Dopo il liceo, a 18 anni, quell’attivismo è entrato dentro una fabbrica abbandonata: Ilaria Salis, con altri, ha fondato il centro sociale Boccaccio nel cuore della borghesissima Monza. Lì, in via Boccaccio, i nazisti avevano fucilato tre partigiani sotto la neve. Ai militanti in città era sembrato un posto perfetto. “S’è sempre appassionata alle cause sociali. Fin dal liceo. Si consumava sui libri e nell’impegno politico.

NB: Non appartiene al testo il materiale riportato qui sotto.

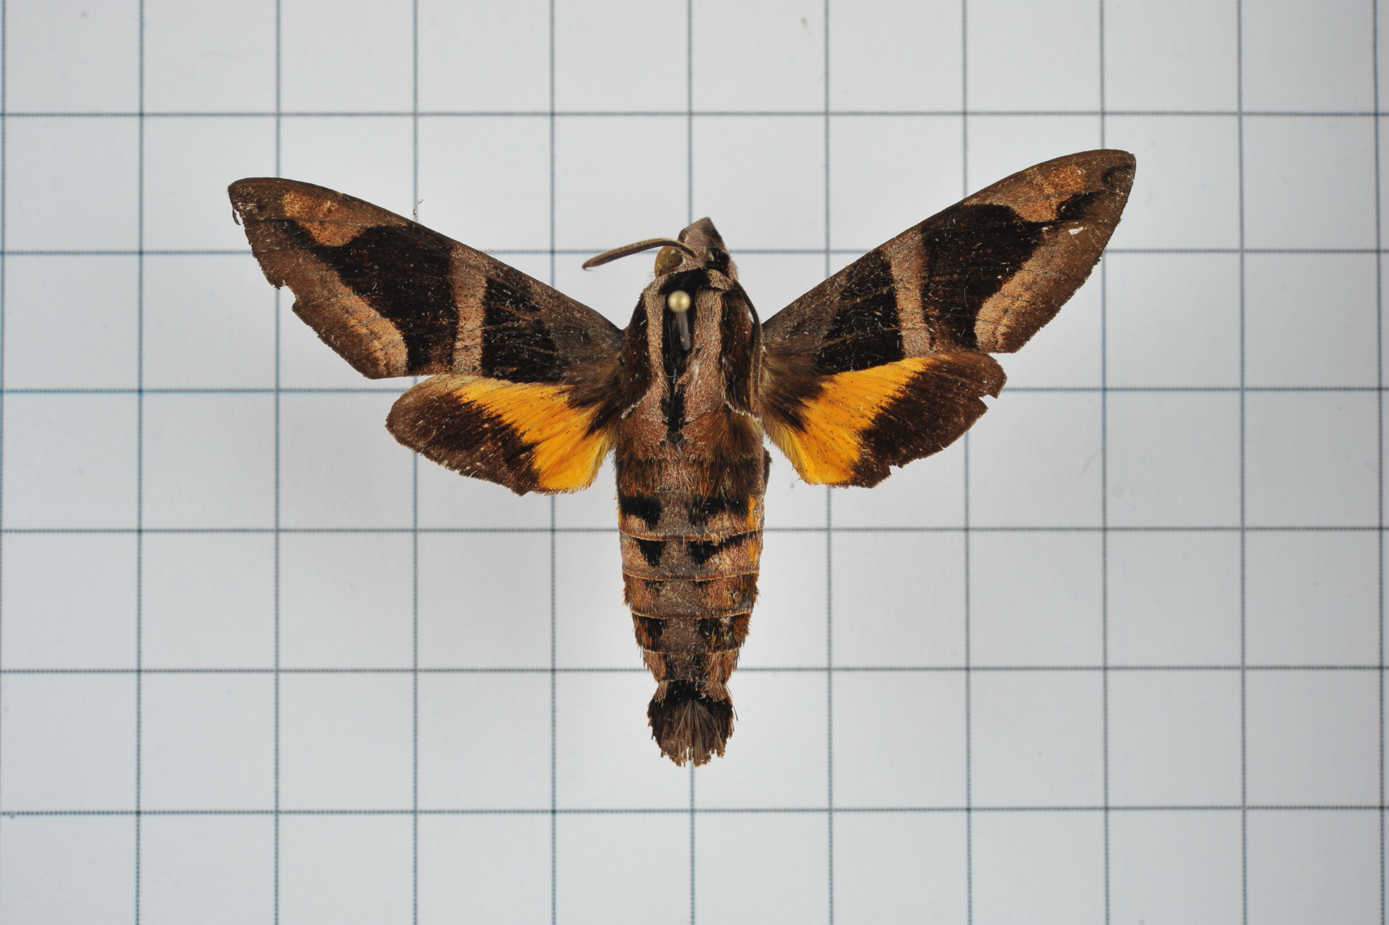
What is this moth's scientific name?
Macroglossum mitchellii imperator

Il centro sociale, l’ha praticamente fondato lei…”, ha spiegato il padre Roberto al Corriere della Sera.

Amante di teatro, oltre che delle arrampicate in montagna, nella sala del centro sociale, ribattezzata “La scala pericolante”, ha interpretato l’antimilitarismo di Euripide ne “Le troiane”. “Studiava moltissimo, soprattutto la storia”, ha raccontato un altro ex compagno di scuola che fa oggi parte del “Comitato Ilaria Salis” che chiede di riportare l’antifascista in Italia.

Qualche anno più tardi è arrivata la laurea in Storia alla Statale di Milano con pieni voti e una tesi su Sant’Ambrogio. E il lavoro da maestra elementare. “In carcere ha chiesto libri, solo libri, studiava sempre, dalla mattina alla sera, d’altronde lì non c’è molto da fare. Io costruivo bambole con pezzi di lenzuolo, lei studiava”, ha ricordato a Repubblica la sua ex compagna di cella in Ungheria, Carmen Giorgio.

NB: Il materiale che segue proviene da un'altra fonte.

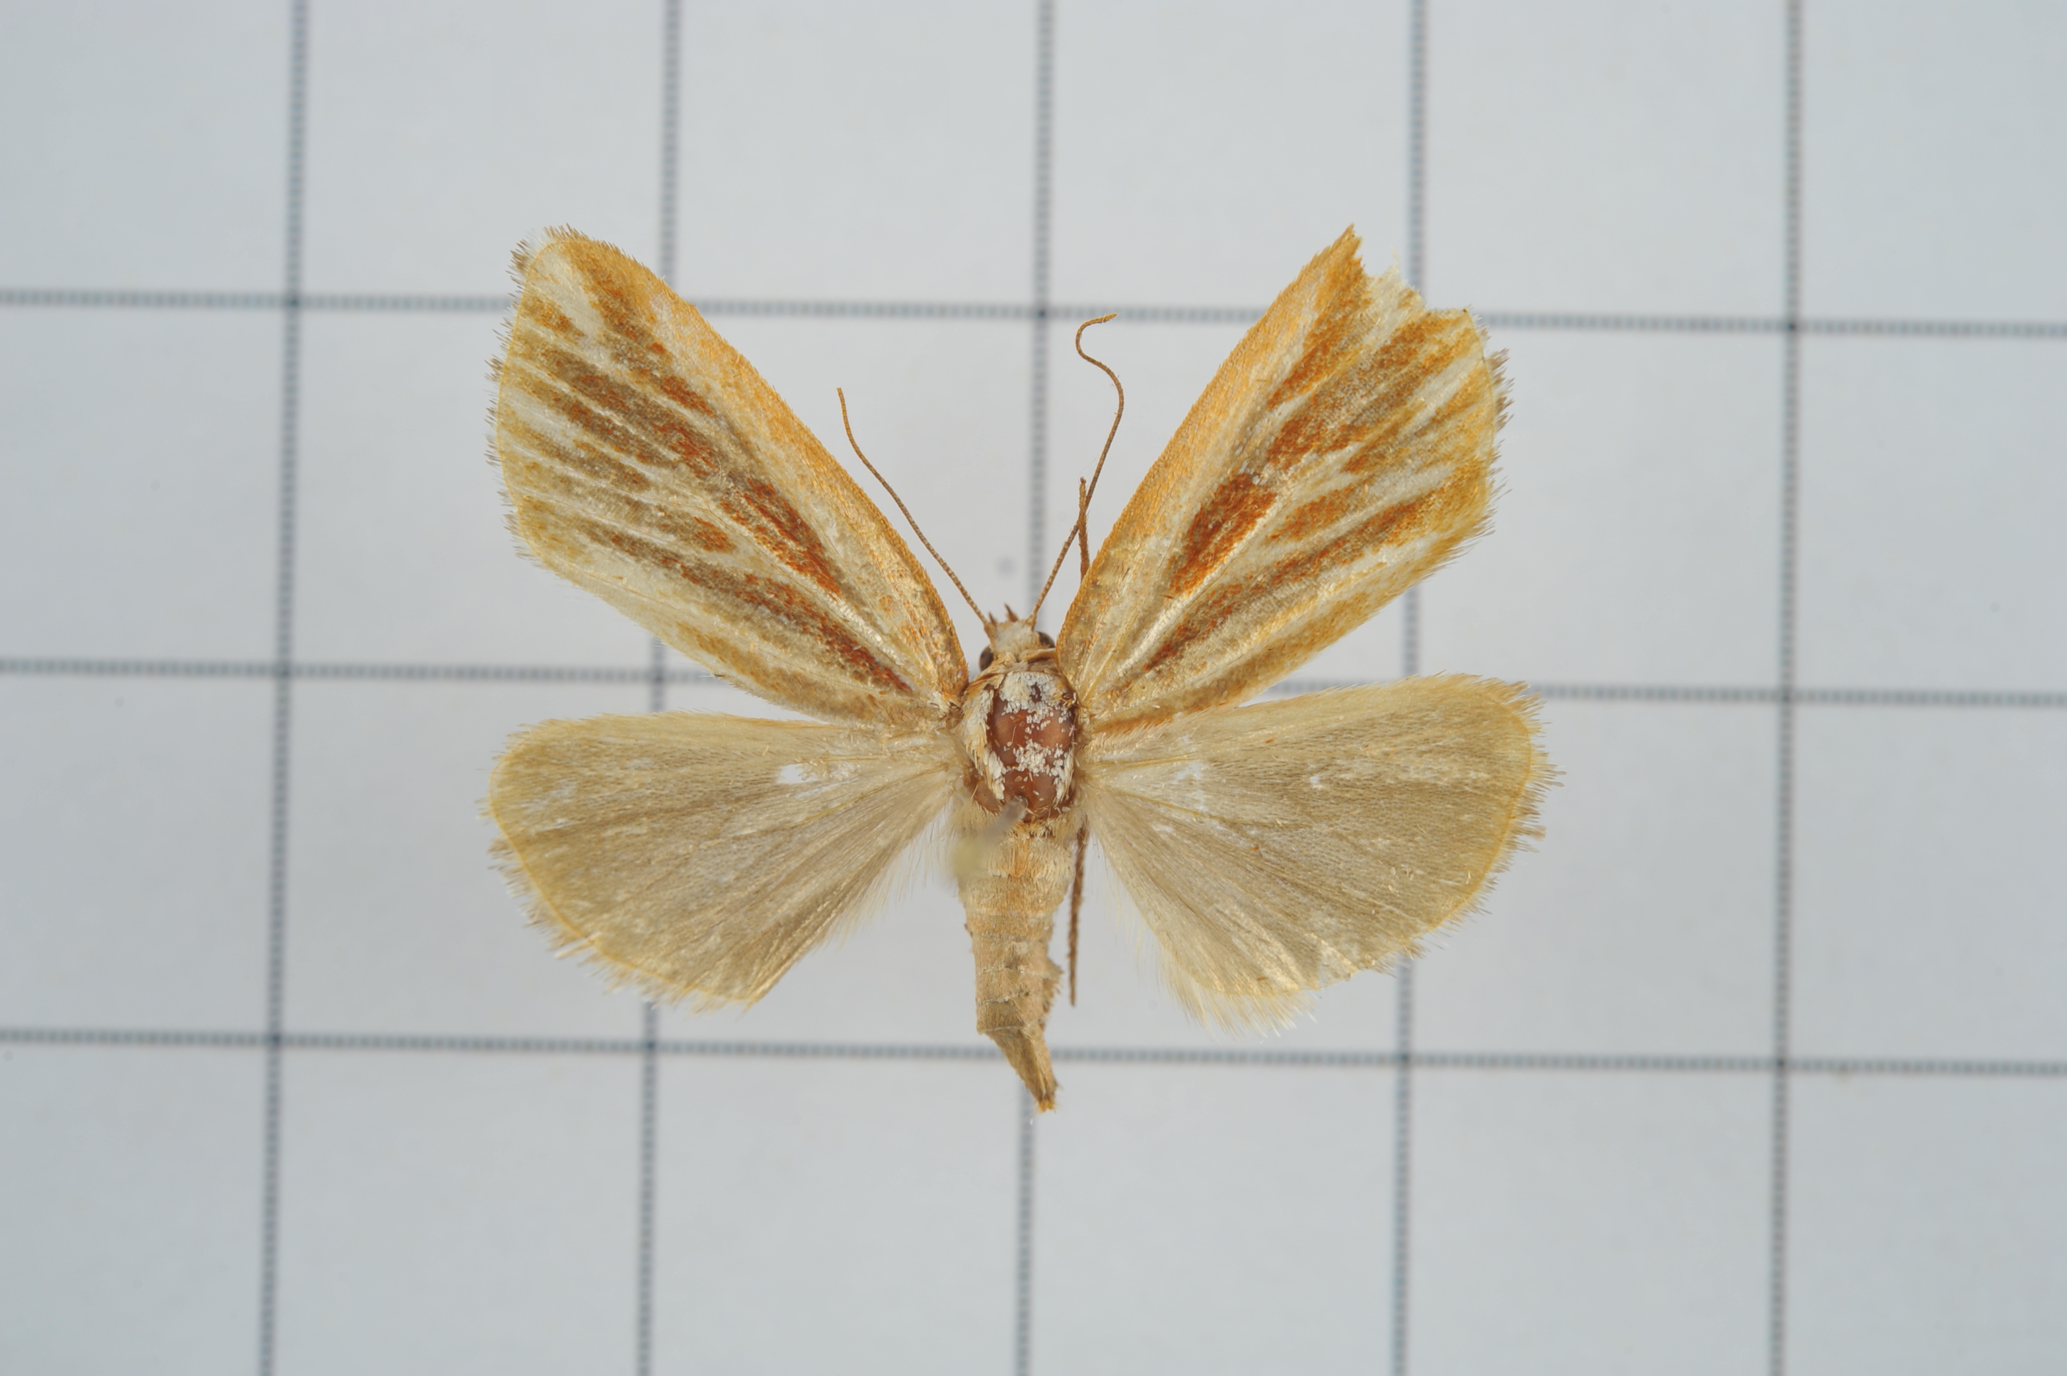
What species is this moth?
Narangodes argyrostrigatus

In passato Salis era finita in alcune intercettazioni della procura sulla galassia anarchica: dialogava con Roberto Cropo, anarchico italiano estradato dalla Francia nel 2020. Ma su di lei non erano state formulate accuse. Nel 2017 è stata coinvolta in un processo per un assalto a un gazebo della Lega a Monza ma, come hanno ricordato i suoi legali, “è stata assolta per non aver commesso il fatto”, diversamente da quanto racconta il Carroccio. Nella motivazione il giudice scrisse: “Nessuno dei quattro imputati per il presunto assalto alla sede della Lega a Monza, tra i quali Ilaria Salis, appare aver partecipato all’azione delittuosa commessa dai compagni di corteo, né pare averli in qualche modo incoraggiati o supportati moralmente”. Ha avuto, ha scritto La Verità, una condanna nel 2022 per “resistenza aggravata” e “per aver intonato cori ostili, posizionato per strada sacchi di spazzatura e lanciato immondizia contro i poliziotti”.

L’11 febbraio del 2023 Ilaria Salis era a Budapest. Ha partecipato a una manifestazione antifascista contro il raduno dei militanti neonazisti per il Giorno dell’Onore. “E’ un’idealista”, dice la zia Carla Rovelli, sorella del papà e madrina di battesimo di Salis che per chiederne il ritorno in Italia ha scritto a Papa Francesco.

Qualche ora dopo il corteo è stata fermata in taxi con altri due militanti antifascisti tedeschi, uno dei due aveva un manganello retrattile in tasca. E’ stata accusata per quattro aggressioni ma due contestazioni sono cadute presto perché si è dimostrato che la donna non era ancora arrivata in Ungheria quando sono avvenute. Oltre alle lesioni per l’accusa “potenzialmente mortali”, che però le due vittime non hanno denunciano e che sono guarite in pochi giorni, le viene addebitata anche l’affiliazione alla Hammerbande, un gruppo nato a Lipsia, in Germania, che si propone di “assaltare i militanti fascisti”. Rischia fino a 24 anni di prigione. La procura di Budapest ne ha chiesti 11. Ilaria Salis si è sempre dichiarata innocente, ha rifiutato un patteggiamento a 11 anni, ha chiesto di poter visionare i video che non la riprenderebbero in volto e di poter avere accesso a tutti gli atti del processo tradotti in lingua italiana. Uno dei coimputati si è dichiarato colpevole, è stato condannato a tre anni.

Al papà, quando ha potuto risentirlo dopo 6 mesi di chiamate vietate, Ilaria Salis aveva chiesto di non parlare con i media. Fino a ottobre. Il 2 di quel mese ha scritto una lettera ai suoi avvocati denunciando le condizioni detentive, tra abiti sporchi, mancanza di assorbenti durante il ciclo, infestazioni di cimici in cella. Il 16 dicembre, su Repubblica, la sua storia è venuta fuori. E ora è diventata un caso politico.